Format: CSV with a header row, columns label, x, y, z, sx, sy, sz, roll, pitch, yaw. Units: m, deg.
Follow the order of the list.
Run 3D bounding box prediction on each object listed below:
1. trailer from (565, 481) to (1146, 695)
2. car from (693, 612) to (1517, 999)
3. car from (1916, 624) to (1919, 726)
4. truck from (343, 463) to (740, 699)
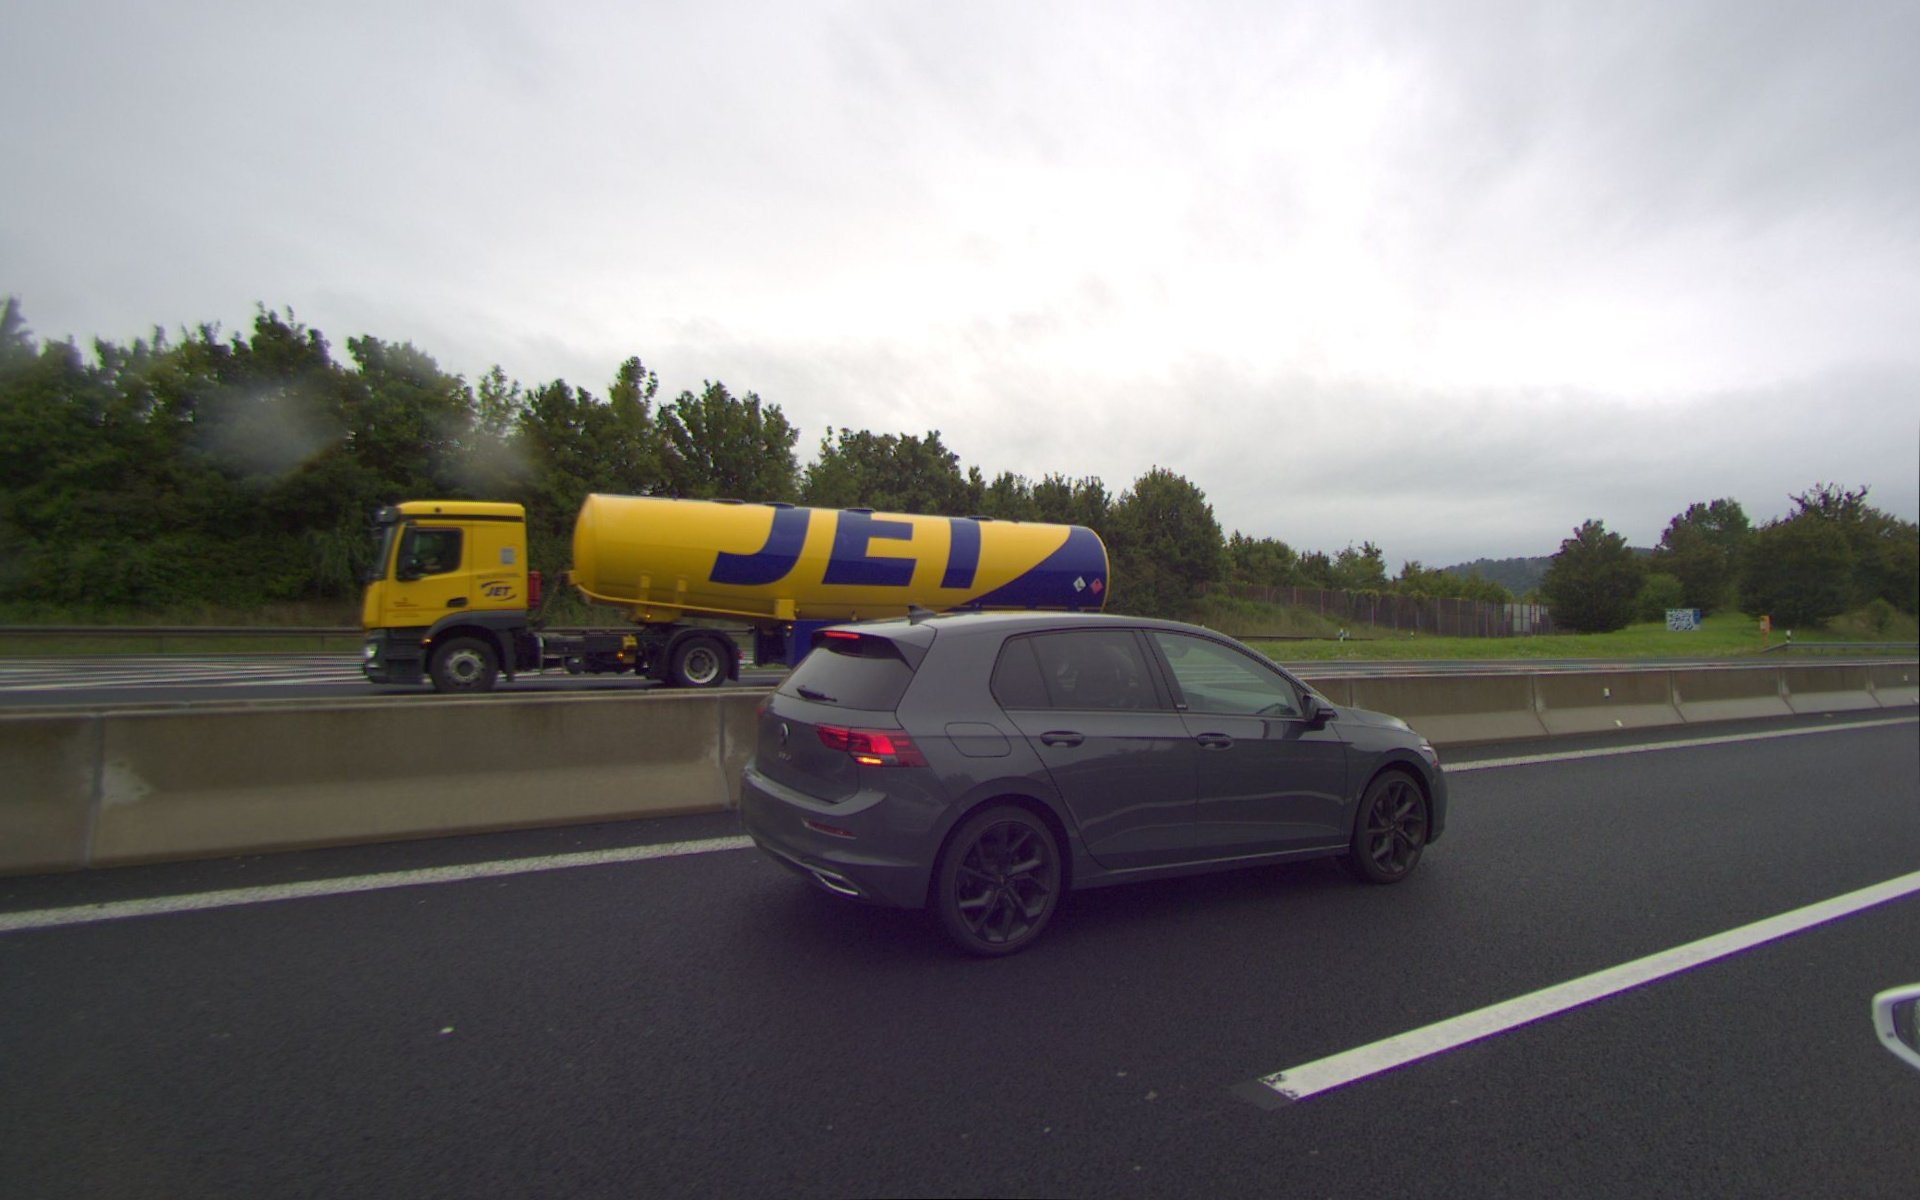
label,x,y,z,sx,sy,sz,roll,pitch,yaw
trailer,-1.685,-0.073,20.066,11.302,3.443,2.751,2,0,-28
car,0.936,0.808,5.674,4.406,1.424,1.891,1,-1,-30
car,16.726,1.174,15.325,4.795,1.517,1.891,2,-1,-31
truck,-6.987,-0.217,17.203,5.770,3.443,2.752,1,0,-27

==

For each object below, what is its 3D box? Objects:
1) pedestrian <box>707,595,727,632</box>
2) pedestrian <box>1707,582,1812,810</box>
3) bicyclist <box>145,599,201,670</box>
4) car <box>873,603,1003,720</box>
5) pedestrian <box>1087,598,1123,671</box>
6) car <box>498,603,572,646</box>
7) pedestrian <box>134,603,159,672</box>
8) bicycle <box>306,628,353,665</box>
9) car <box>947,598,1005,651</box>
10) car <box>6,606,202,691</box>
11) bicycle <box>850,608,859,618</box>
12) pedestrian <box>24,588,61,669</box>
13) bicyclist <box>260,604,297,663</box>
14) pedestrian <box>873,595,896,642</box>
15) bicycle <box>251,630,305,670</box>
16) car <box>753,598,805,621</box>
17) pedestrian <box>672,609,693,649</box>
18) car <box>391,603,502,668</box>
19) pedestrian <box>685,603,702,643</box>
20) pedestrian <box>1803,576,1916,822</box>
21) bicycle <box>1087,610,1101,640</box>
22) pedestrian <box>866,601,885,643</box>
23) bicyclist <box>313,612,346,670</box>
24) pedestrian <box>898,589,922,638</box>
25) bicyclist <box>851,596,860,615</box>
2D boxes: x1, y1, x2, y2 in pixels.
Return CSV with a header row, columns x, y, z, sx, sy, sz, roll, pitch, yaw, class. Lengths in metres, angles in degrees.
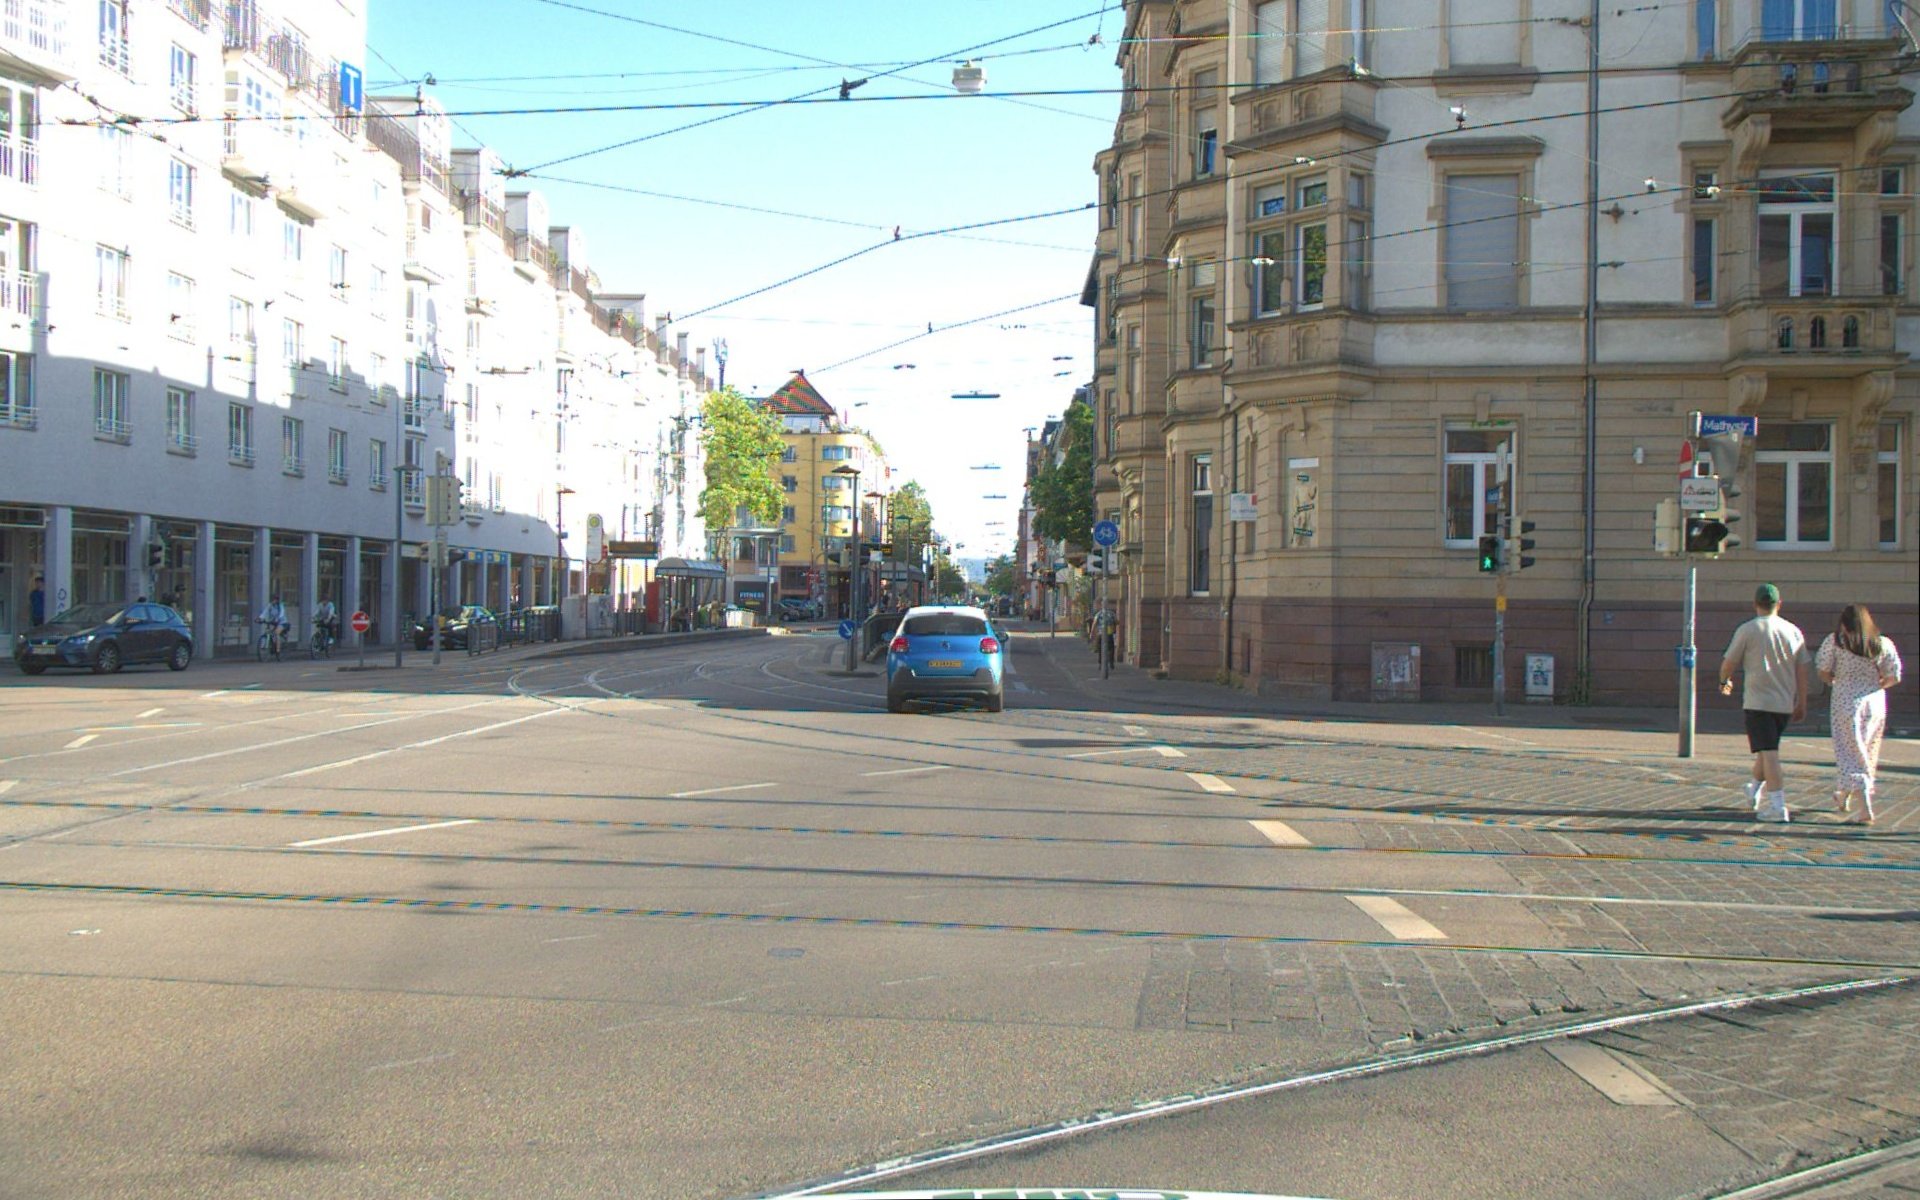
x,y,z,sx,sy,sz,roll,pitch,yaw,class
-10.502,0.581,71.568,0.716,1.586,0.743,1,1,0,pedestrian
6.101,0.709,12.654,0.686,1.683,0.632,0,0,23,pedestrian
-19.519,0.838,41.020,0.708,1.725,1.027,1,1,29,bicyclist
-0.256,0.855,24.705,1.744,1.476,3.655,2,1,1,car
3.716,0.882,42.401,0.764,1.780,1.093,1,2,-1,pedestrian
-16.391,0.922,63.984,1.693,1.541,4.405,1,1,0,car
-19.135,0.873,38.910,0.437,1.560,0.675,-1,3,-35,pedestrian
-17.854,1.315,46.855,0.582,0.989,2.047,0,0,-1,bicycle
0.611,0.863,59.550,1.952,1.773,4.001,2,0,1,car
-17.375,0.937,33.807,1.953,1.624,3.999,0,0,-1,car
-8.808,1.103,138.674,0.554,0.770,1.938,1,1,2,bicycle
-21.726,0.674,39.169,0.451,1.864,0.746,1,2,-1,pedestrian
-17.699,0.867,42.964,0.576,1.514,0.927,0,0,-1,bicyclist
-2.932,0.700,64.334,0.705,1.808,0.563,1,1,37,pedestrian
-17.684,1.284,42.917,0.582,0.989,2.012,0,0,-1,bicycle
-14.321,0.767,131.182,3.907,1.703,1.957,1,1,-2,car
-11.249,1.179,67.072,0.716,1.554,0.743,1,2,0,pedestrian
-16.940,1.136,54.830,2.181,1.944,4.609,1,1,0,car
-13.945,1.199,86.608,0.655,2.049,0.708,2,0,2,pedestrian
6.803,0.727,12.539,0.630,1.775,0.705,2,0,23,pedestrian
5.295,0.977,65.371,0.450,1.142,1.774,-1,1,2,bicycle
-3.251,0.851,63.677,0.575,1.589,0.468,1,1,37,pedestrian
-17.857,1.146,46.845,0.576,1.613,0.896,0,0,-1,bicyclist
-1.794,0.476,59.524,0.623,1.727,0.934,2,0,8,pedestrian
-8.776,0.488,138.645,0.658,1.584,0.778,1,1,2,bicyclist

* What is being asked *
Wherever the word "below" turns up in the records, copy out the line it is on.

* Solution to this problem *
Run 3D bounding box prediction on each object listed below:
For each object below, what is its 3D box? Objects:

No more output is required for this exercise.